In [None]:
# Data Drift Impact on Model
# Question: Use a simple linear regression model to demonstrate how data drift affects model predictions.

# 1. Train a model on the original data:
# 2. Evaluate on the drifted data:
# 3. Compare errors:




In [None]:
# Monitoring Data Distribution Changes
# Question: Use Python to monitor distribution changes in features to detect potential data drift.

# 1. Calculate feature statistics (mean and standard deviation) for both original and drifted data:
# 2. Compare statistics:
# 3. Set thresholds to detect significant drift:




In [None]:
# Automating Data Quality Checks with Python
# Question: Automate a basic data validation process using Python to ensure the dataset's
# structural integrity.

# 1. Define validation checks:
# 2. Apply validation:




In [None]:
# Introducing Great Expectations for Data Validation
# Question: Use Great Expectations to set up data validation checks for a dataset.

# 1. Install Great Expectations:
# 2. Create a new expectations suite:
# 3. Load data and generate expectations:




In [None]:
# Automating Constraint Checks with Python
# Question: Automate primary key and foreign key constraint checks using Python to ensure dataset compliance.

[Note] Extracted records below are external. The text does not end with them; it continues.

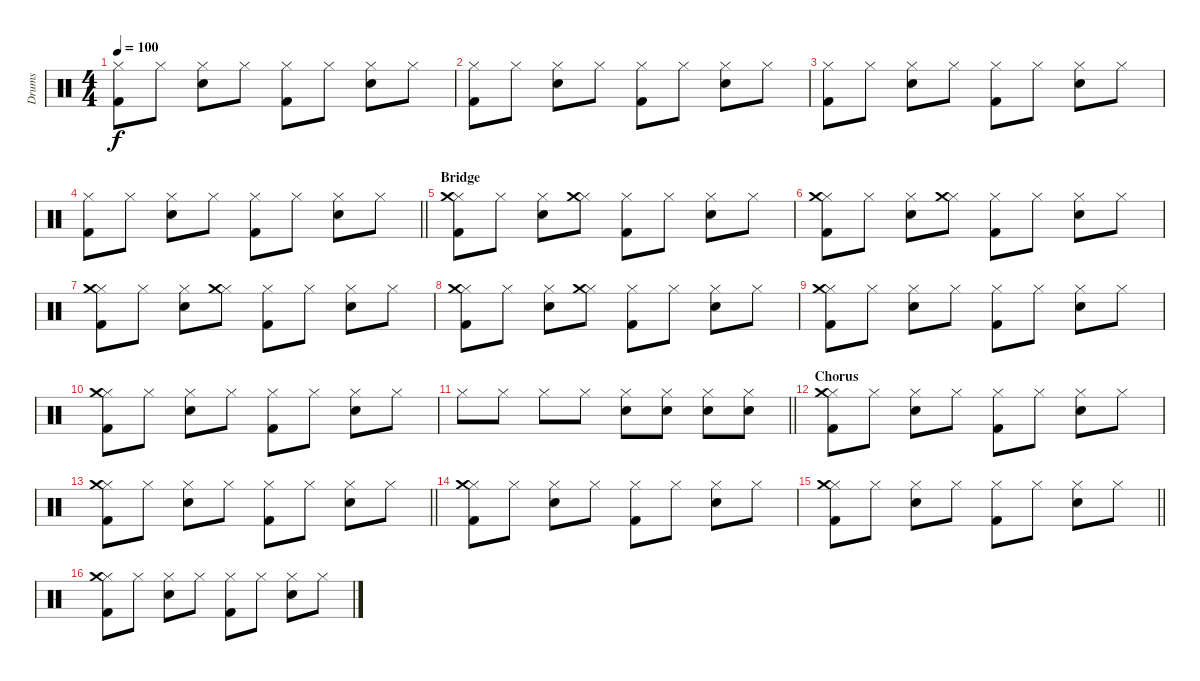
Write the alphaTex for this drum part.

\track ("Drums" "Drums") {instrument percussion}
\staff {score}
\articulation defaults
\ts (4 4)
\tempo 100
\clef neutral
\ks c
("Hi-Hat (closed)" "Kick (hit) 2").8{dy f} "Hi-Hat (closed)".8 ("Hi-Hat (closed)" "Snare (hit) 2").8 "Hi-Hat (closed)".8 ("Hi-Hat (closed)" "Kick (hit) 2").8 "Hi-Hat (closed)".8 ("Hi-Hat (closed)" "Snare (hit) 2").8 "Hi-Hat (closed)".8 |
("Hi-Hat (closed)" "Kick (hit) 2").8 "Hi-Hat (closed)".8 ("Hi-Hat (closed)" "Snare (hit) 2").8 "Hi-Hat (closed)".8 ("Hi-Hat (closed)" "Kick (hit) 2").8 "Hi-Hat (closed)".8 ("Hi-Hat (closed)" "Snare (hit) 2").8 "Hi-Hat (closed)".8 |
("Hi-Hat (closed)" "Kick (hit) 2").8 "Hi-Hat (closed)".8 ("Hi-Hat (closed)" "Snare (hit) 2").8 "Hi-Hat (closed)".8 ("Hi-Hat (closed)" "Kick (hit) 2").8 "Hi-Hat (closed)".8 ("Hi-Hat (closed)" "Snare (hit) 2").8 "Hi-Hat (closed)".8 |
\barLineRight lightlight
("Hi-Hat (closed)" "Kick (hit) 2").8 "Hi-Hat (closed)".8 ("Hi-Hat (closed)" "Snare (hit) 2").8 "Hi-Hat (closed)".8 ("Hi-Hat (closed)" "Kick (hit) 2").8 "Hi-Hat (closed)".8 ("Hi-Hat (closed)" "Snare (hit) 2").8 "Hi-Hat (closed)".8 |
\section ("" "Bridge")
("Hi-Hat (closed)" "Kick (hit) 2" "Crash medium (hit)").8 "Hi-Hat (closed)".8 ("Hi-Hat (closed)" "Snare (hit) 2").8 ("Hi-Hat (closed)" "Crash medium (hit)").8 ("Hi-Hat (closed)" "Kick (hit) 2").8 "Hi-Hat (closed)".8 ("Hi-Hat (closed)" "Snare (hit) 2").8 "Hi-Hat (closed)".8 |
("Hi-Hat (closed)" "Kick (hit) 2" "Crash medium (hit)").8 "Hi-Hat (closed)".8 ("Hi-Hat (closed)" "Snare (hit) 2").8 ("Hi-Hat (closed)" "Crash medium (hit)").8 ("Hi-Hat (closed)" "Kick (hit) 2").8 "Hi-Hat (closed)".8 ("Hi-Hat (closed)" "Snare (hit) 2").8 "Hi-Hat (closed)".8 |
("Hi-Hat (closed)" "Kick (hit) 2" "Crash medium (hit)").8 "Hi-Hat (closed)".8 ("Hi-Hat (closed)" "Snare (hit) 2").8 ("Hi-Hat (closed)" "Crash medium (hit)").8 ("Hi-Hat (closed)" "Kick (hit) 2").8 "Hi-Hat (closed)".8 ("Hi-Hat (closed)" "Snare (hit) 2").8 "Hi-Hat (closed)".8 |
("Hi-Hat (closed)" "Kick (hit) 2" "Crash medium (hit)").8 "Hi-Hat (closed)".8 ("Hi-Hat (closed)" "Snare (hit) 2").8 ("Hi-Hat (closed)" "Crash medium (hit)").8 ("Hi-Hat (closed)" "Kick (hit) 2").8 "Hi-Hat (closed)".8 ("Hi-Hat (closed)" "Snare (hit) 2").8 "Hi-Hat (closed)".8 |
("Hi-Hat (closed)" "Kick (hit) 2" "Crash medium (hit)").8 "Hi-Hat (closed)".8 ("Hi-Hat (closed)" "Snare (hit) 2").8 "Hi-Hat (closed)".8 ("Hi-Hat (closed)" "Kick (hit) 2").8 "Hi-Hat (closed)".8 ("Hi-Hat (closed)" "Snare (hit) 2").8 "Hi-Hat (closed)".8 |
("Hi-Hat (closed)" "Kick (hit) 2" "Crash medium (hit)").8 "Hi-Hat (closed)".8 ("Hi-Hat (closed)" "Snare (hit) 2").8 "Hi-Hat (closed)".8 ("Hi-Hat (closed)" "Kick (hit) 2").8 "Hi-Hat (closed)".8 ("Hi-Hat (closed)" "Snare (hit) 2").8 "Hi-Hat (closed)".8 |
\barLineRight lightlight "Hi-Hat (closed)".8 "Hi-Hat (closed)".8 "Hi-Hat (closed)".8 "Hi-Hat (closed)".8
("Hi-Hat (closed)" "Snare (hit) 2").8 ("Hi-Hat (closed)" "Snare (hit) 2").8 ("Hi-Hat (closed)" "Snare (hit) 2").8 ("Hi-Hat (closed)" "Snare (hit) 2").8 |
\section ("" "Chorus")
("Hi-Hat (closed)" "Kick (hit) 2" "Crash medium (hit)").8 "Hi-Hat (closed)".8 ("Hi-Hat (closed)" "Snare (hit) 2").8 "Hi-Hat (closed)".8 ("Hi-Hat (closed)" "Kick (hit) 2").8 "Hi-Hat (closed)".8 ("Hi-Hat (closed)" "Snare (hit) 2").8 "Hi-Hat (closed)".8 |
\barLineRight lightlight
("Hi-Hat (closed)" "Kick (hit) 2" "Crash medium (hit)").8 "Hi-Hat (closed)".8 ("Hi-Hat (closed)" "Snare (hit) 2").8 "Hi-Hat (closed)".8 ("Hi-Hat (closed)" "Kick (hit) 2").8 "Hi-Hat (closed)".8 ("Hi-Hat (closed)" "Snare (hit) 2").8 "Hi-Hat (closed)".8 |
("Hi-Hat (closed)" "Kick (hit) 2" "Crash medium (hit)").8 "Hi-Hat (closed)".8 ("Hi-Hat (closed)" "Snare (hit) 2").8 "Hi-Hat (closed)".8 ("Hi-Hat (closed)" "Kick (hit) 2").8 "Hi-Hat (closed)".8 ("Hi-Hat (closed)" "Snare (hit) 2").8 "Hi-Hat (closed)".8 |
\barLineRight lightlight
("Hi-Hat (closed)" "Kick (hit) 2" "Crash medium (hit)").8 "Hi-Hat (closed)".8 ("Hi-Hat (closed)" "Snare (hit) 2").8 "Hi-Hat (closed)".8 ("Hi-Hat (closed)" "Kick (hit) 2").8 "Hi-Hat (closed)".8 ("Hi-Hat (closed)" "Snare (hit) 2").8 "Hi-Hat (closed)".8 |
("Hi-Hat (closed)" "Kick (hit) 2" "Crash medium (hit)").8 "Hi-Hat (closed)".8 ("Hi-Hat (closed)" "Snare (hit) 2").8 "Hi-Hat (closed)".8 ("Hi-Hat (closed)" "Kick (hit) 2").8 "Hi-Hat (closed)".8 ("Hi-Hat (closed)" "Snare (hit) 2").8 "Hi-Hat (closed)".8
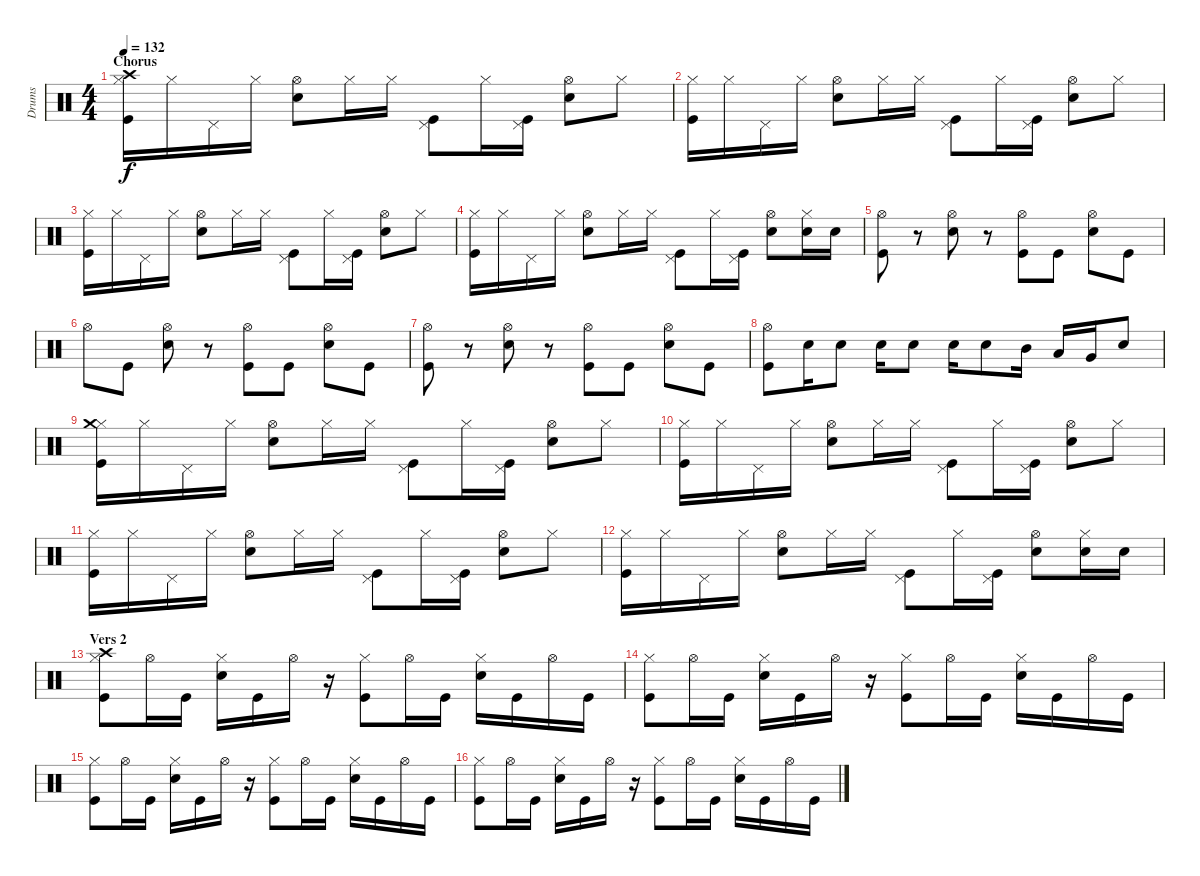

# 1. Assuming datasets exist with primary and foreign key relationships in pandas dataframes employees_df and departments_df :




In [None]:
# Advanced Data Drift Detection using Statistical Tests
# Question: Implement Kolmogorov-Smirnov test using Python to detect data drift at a more sophisticated level.

# 1. Use SciPy to perform KS test:




In [1]:
import pandas as pd
import numpy as np
from sklearn.linear_model import LinearRegression
from sklearn.model_selection import train_test_split
from sklearn.metrics import mean_squared_error
from scipy.stats import kstest
import great_expectations as ge

# --- Data Drift Impact on Model ---
print("\n--- Data Drift Impact on Model ---")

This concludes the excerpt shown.